The Standard of Measure
Romans 11:15 explains that if rejection of the Jews, as a people, served as the catalyst to the reconciling of the world to God, how much more will be their acceptance, but life from the dead. He then compared them to holy first fruits of the root, which carries the need for the grafted-in branches to enter their roles undefiled.
“For if the first fruit is holy, the lump is also holy; and if the root is holy, so are the branches. So if some of the branches were broken off and you being a wild olive tree were grafted in among them and with them became a partaker of the root and fatness of the olive tree, do not boast against the branches. But if you do boast, remember you do not support the root, but the root supports you.”
Rom 11:16-18

Paul wrote the Ephesians that we no longer are to be tossed to and fro like children, but are to begin operating in oneness, as His people, with our hearts no longer enticed by the defilements of the love of the world, the lust of the flesh or pride of life. He explained that God gave gifts to men to prepare them for His service that we all might become mature, built to the full stature of the undefiled Messiah, with a full knowledge of Him.
“…for the equipping of the saints for the work of ministry, for the edifying of the body of Christ, till we all come to the unity of the faith and the knowledge of the Son of God, to a perfect man, to the measure of the stature of the fullness of Christ.”
Eph 4:12-13

This is an incredible statement: that the body should even consider reaching the stature of the fullness of Messiah, undefiled. Yet, that is exactly what it means. The clue to the pathway is in maturity, which then was stressed in the 16th verse with Paul telling the Ephesians to stop thinking like the gentiles! Years later, the correction for the Ephesians in Revelation did not include this issue of defilement to their mind-set as it did with the majority of other churches, but while they had a need for improvement, they were praised for resisting the replacement defilers.
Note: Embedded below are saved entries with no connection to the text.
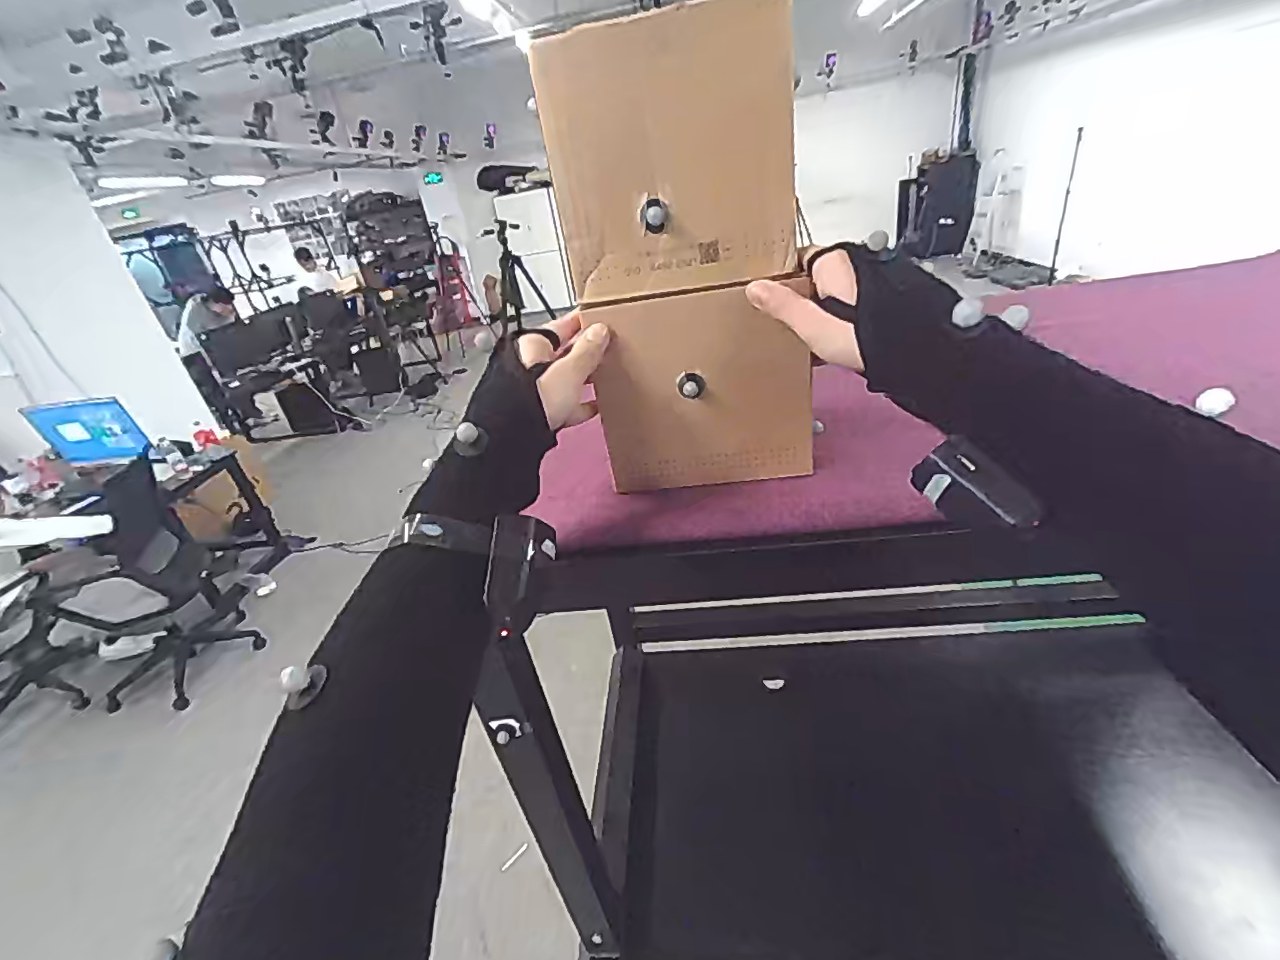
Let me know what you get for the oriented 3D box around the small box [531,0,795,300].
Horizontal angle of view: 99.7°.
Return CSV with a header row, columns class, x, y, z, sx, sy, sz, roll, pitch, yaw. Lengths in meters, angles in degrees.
class,x,y,z,sx,sy,sz,roll,pitch,yaw
small box,0.029,-0.251,0.439,0.168,0.176,0.179,-6,28,9
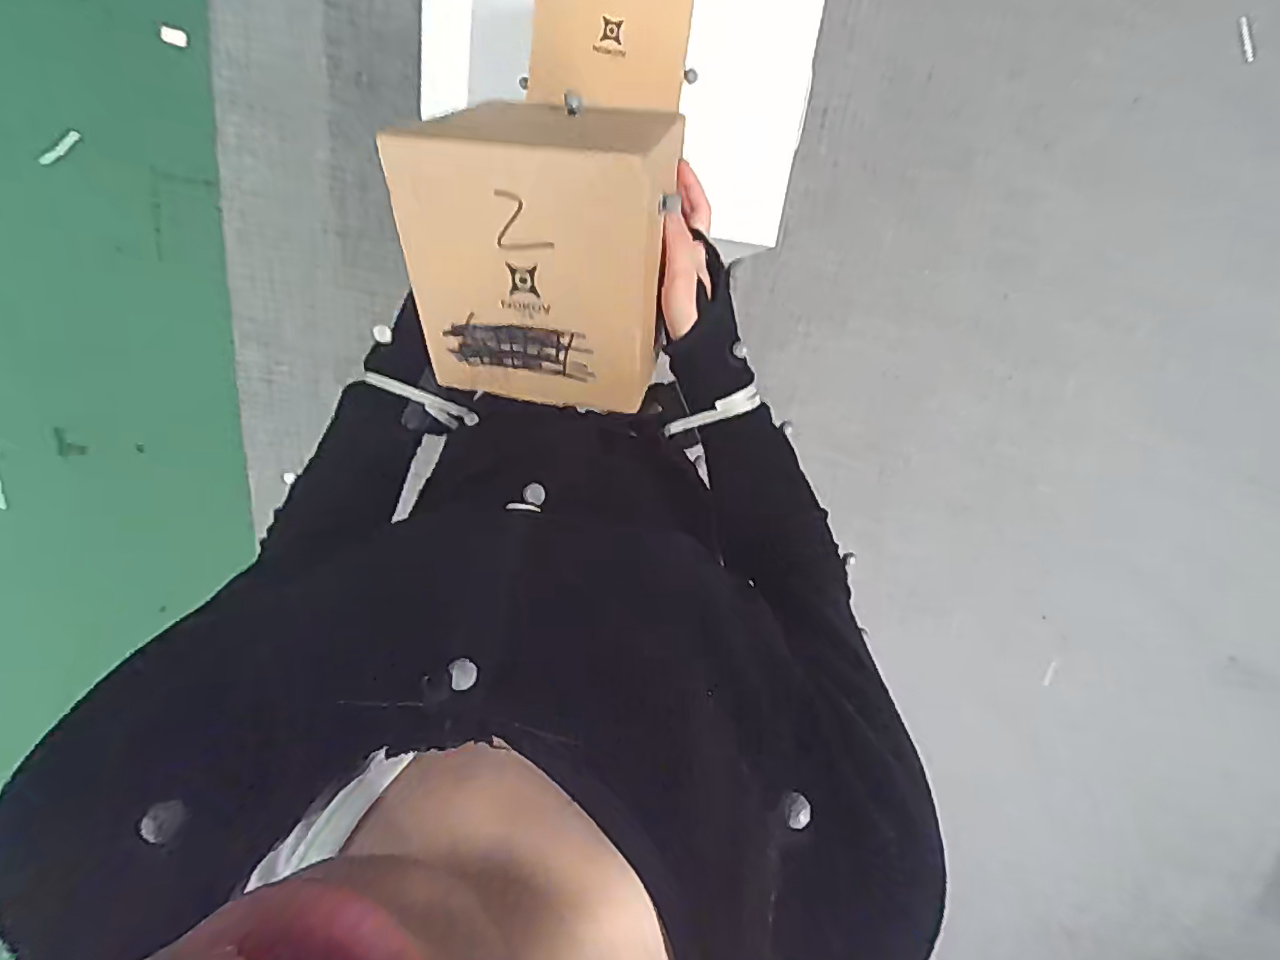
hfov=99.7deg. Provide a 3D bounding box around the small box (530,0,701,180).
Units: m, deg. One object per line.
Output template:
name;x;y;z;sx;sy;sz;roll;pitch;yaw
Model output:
small box;-0.030;-0.479;0.635;0.168;0.176;0.179;7;107;-5
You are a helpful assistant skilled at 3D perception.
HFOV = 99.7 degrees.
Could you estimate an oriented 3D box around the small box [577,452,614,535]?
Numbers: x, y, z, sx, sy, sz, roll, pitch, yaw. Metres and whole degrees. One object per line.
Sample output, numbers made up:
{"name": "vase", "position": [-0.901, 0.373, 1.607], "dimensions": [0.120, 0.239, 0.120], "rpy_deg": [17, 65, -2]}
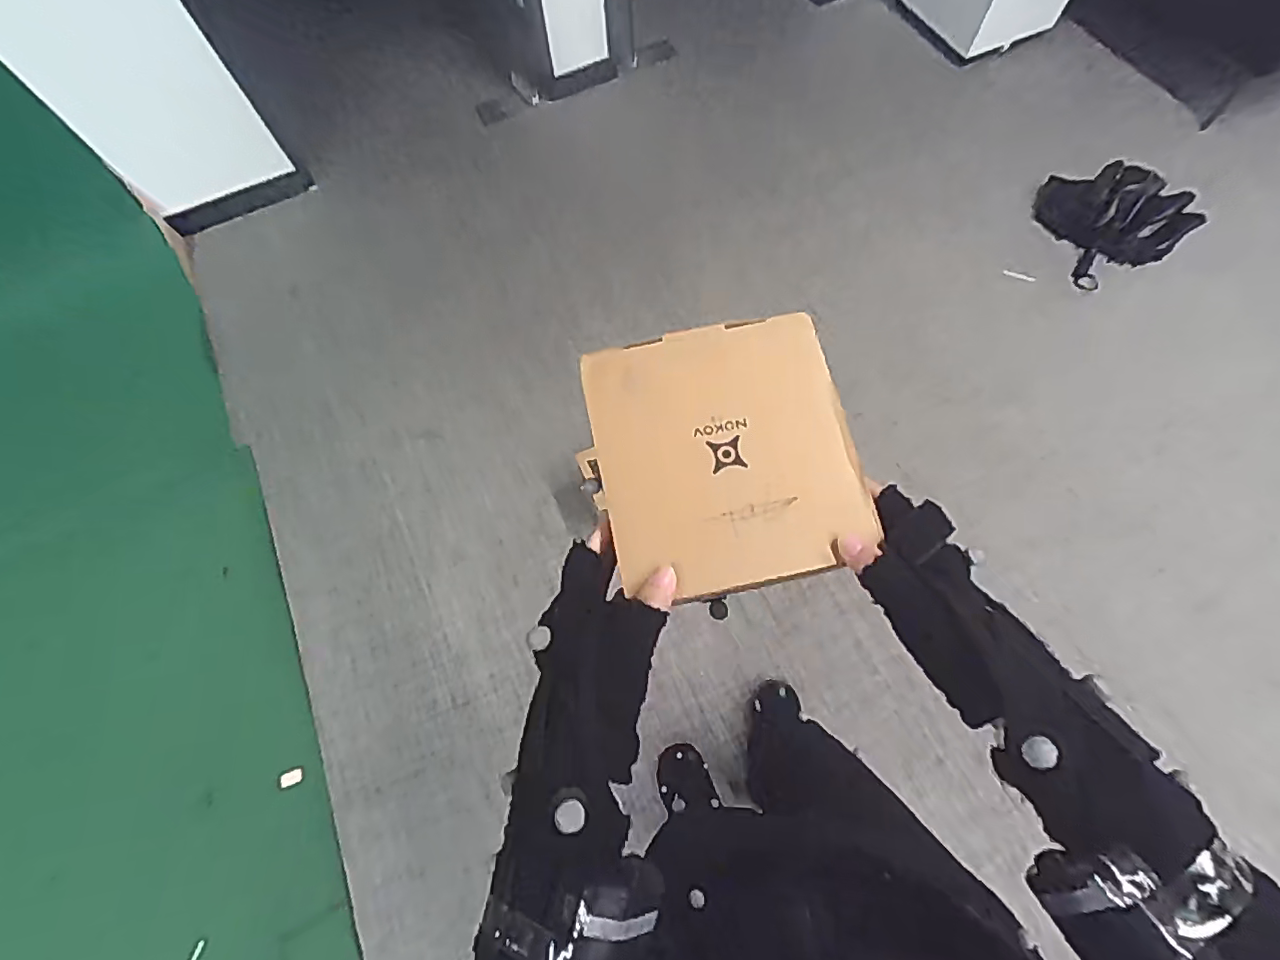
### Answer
{"name": "small box", "position": [-0.044, 0.022, 1.385], "dimensions": [0.179, 0.176, 0.168], "rpy_deg": [-22, 68, -7]}

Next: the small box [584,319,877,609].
{"name": "small box", "position": [0.055, 0.001, 0.440], "dimensions": [0.168, 0.176, 0.179], "rpy_deg": [-12, 76, -2]}

Jesus said we would know them by their fruit. While God gives gifts to men, the scripture says many are called but few are chosen. The chosen will be determined not by the gift, but rather the fruit from the undefiled blessing. While this principle is aptly applied to individuals, the biblical measuring criterion is to the community.

As a people, from the grasp of this foundation of the undefiled blessing, God’s order will flow doctrinally, power-wise and for His strategic purposes. When God’s community of people dysfunctions, it has been individuals like Joseph, Moses and David who have led the way to restore them as wielders of the undefiled blessing.
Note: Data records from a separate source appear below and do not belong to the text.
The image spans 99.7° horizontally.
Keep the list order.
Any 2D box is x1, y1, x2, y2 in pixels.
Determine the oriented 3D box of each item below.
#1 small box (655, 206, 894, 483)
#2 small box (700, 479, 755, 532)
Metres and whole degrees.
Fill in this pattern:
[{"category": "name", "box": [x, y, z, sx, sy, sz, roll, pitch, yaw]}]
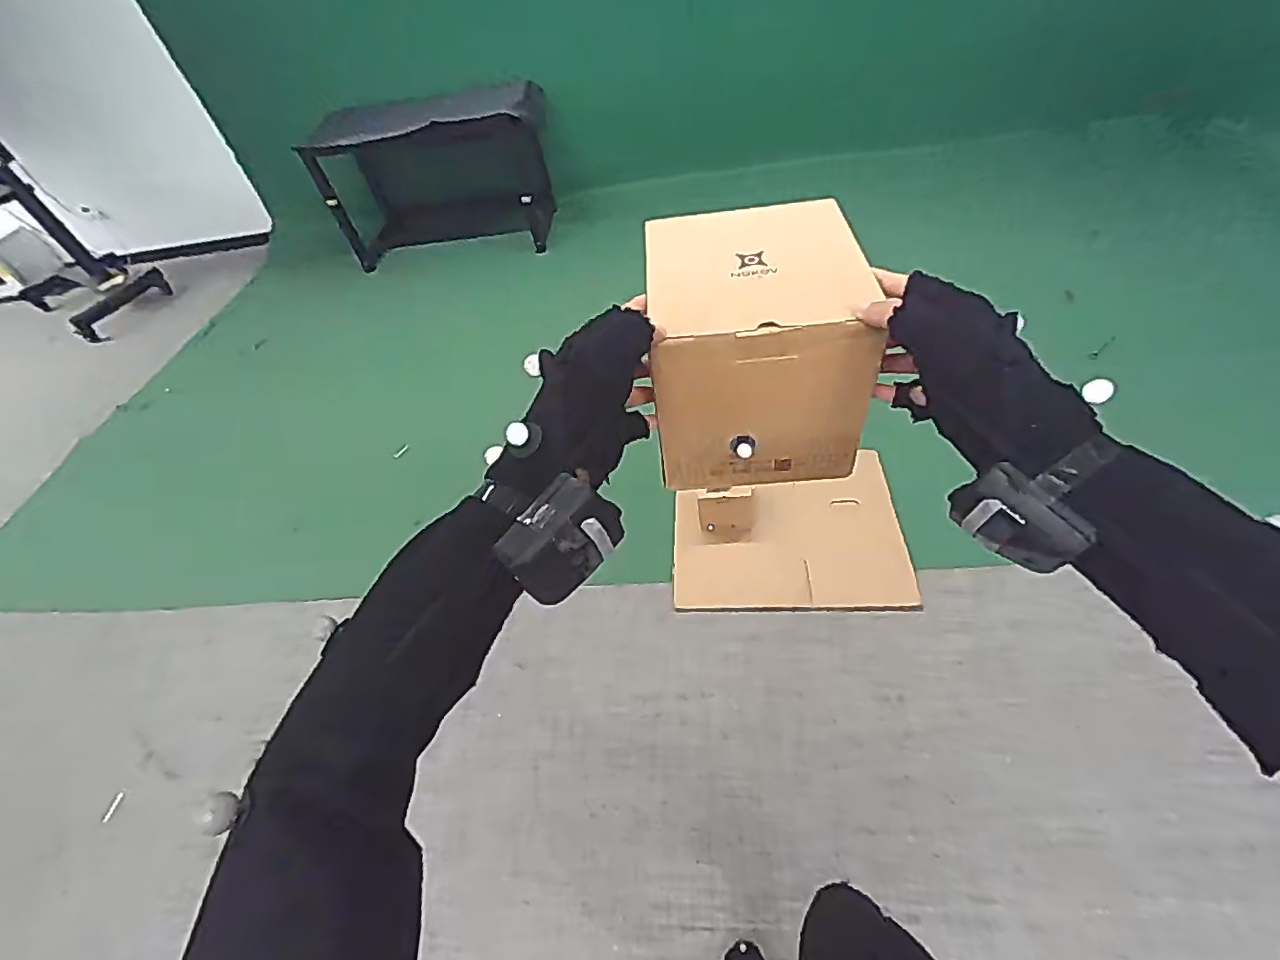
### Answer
[{"category": "small box", "box": [0.100, -0.118, 0.485, 0.168, 0.176, 0.179, -4, 51, 5]}, {"category": "small box", "box": [0.284, 0.055, 1.744, 0.168, 0.176, 0.179, -2, 47, 11]}]
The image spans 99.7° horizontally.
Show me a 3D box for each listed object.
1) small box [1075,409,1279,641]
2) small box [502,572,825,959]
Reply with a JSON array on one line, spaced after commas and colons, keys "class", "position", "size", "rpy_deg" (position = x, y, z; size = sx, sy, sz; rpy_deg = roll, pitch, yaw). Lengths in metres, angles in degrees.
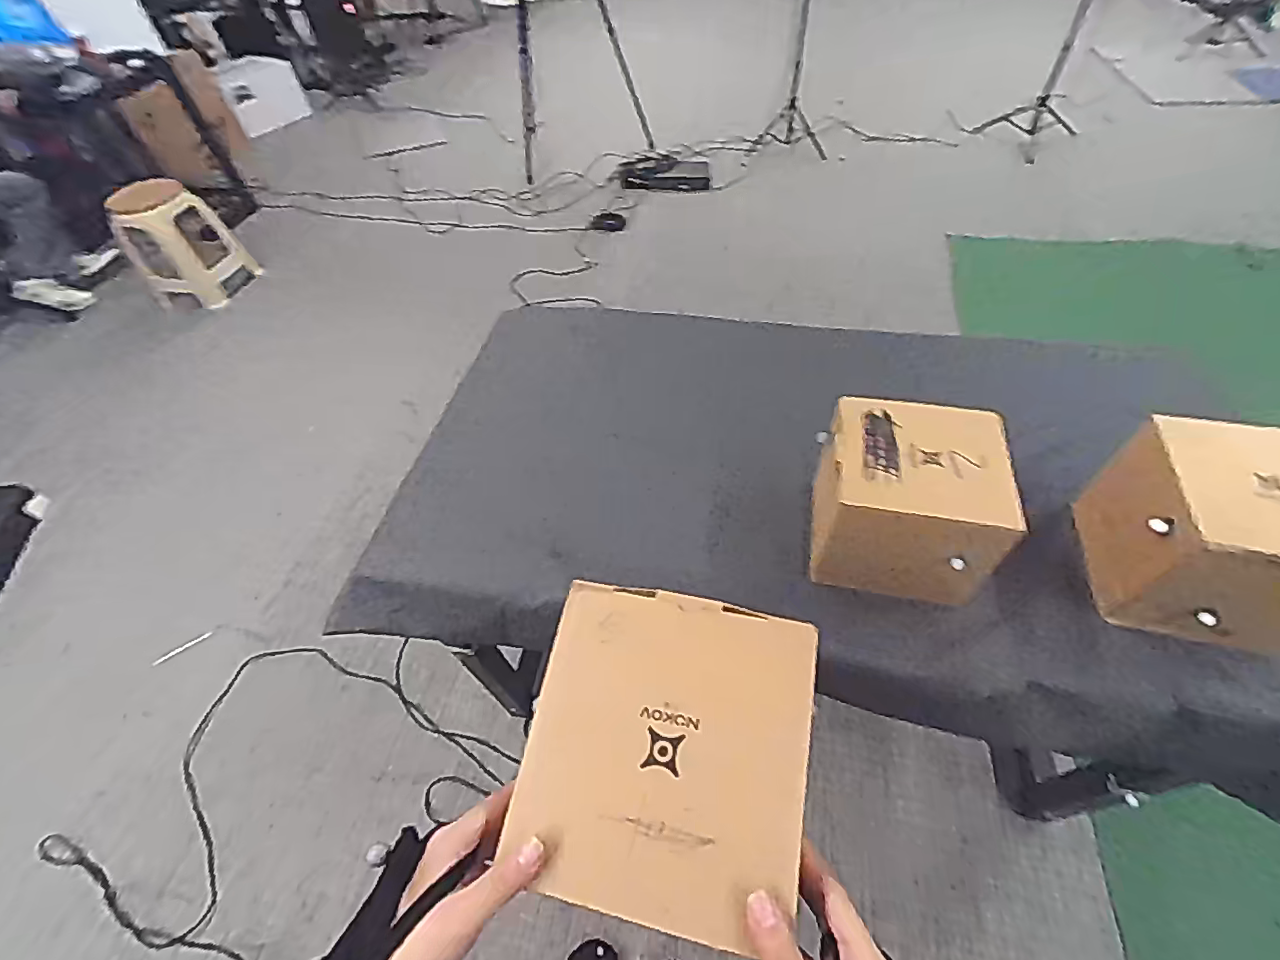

In the opening scripture from Isaiah 32, the reference to righteousness is from the Hebrew word tz-dakah. This scripture captures the cosmic drama of a fallen world, pointing to the role of tz-dakah or charitable righteousness exercised through community as the means to employing righteous, undefiled power in a corrupt world.
“The wilderness and the wasteland shall be glad and the desert shall rejoice and bloom. They shall see the glory of the Lord, the excellency of our God. So, strengthen the weak hands, and make firm the feeble knees. Say to those who are fearful-hearted, “Be strong, do not fear!” Then the eyes of the blind shall be opened, and the ears of the deaf shall be unstopped. Then the lame shall leap like a deer, and the tongue of the dumb sing. For waters shall burst forth in the wilderness, and streams in the desert. The parched ground shall become a pool and the thirsty land springs of water.  A highway shall be there and a road, and it shall be called the Highway of Holiness. The unclean shall not pass over it, for it shall be for the redeemed. Whoever walks this road shall not go astray.”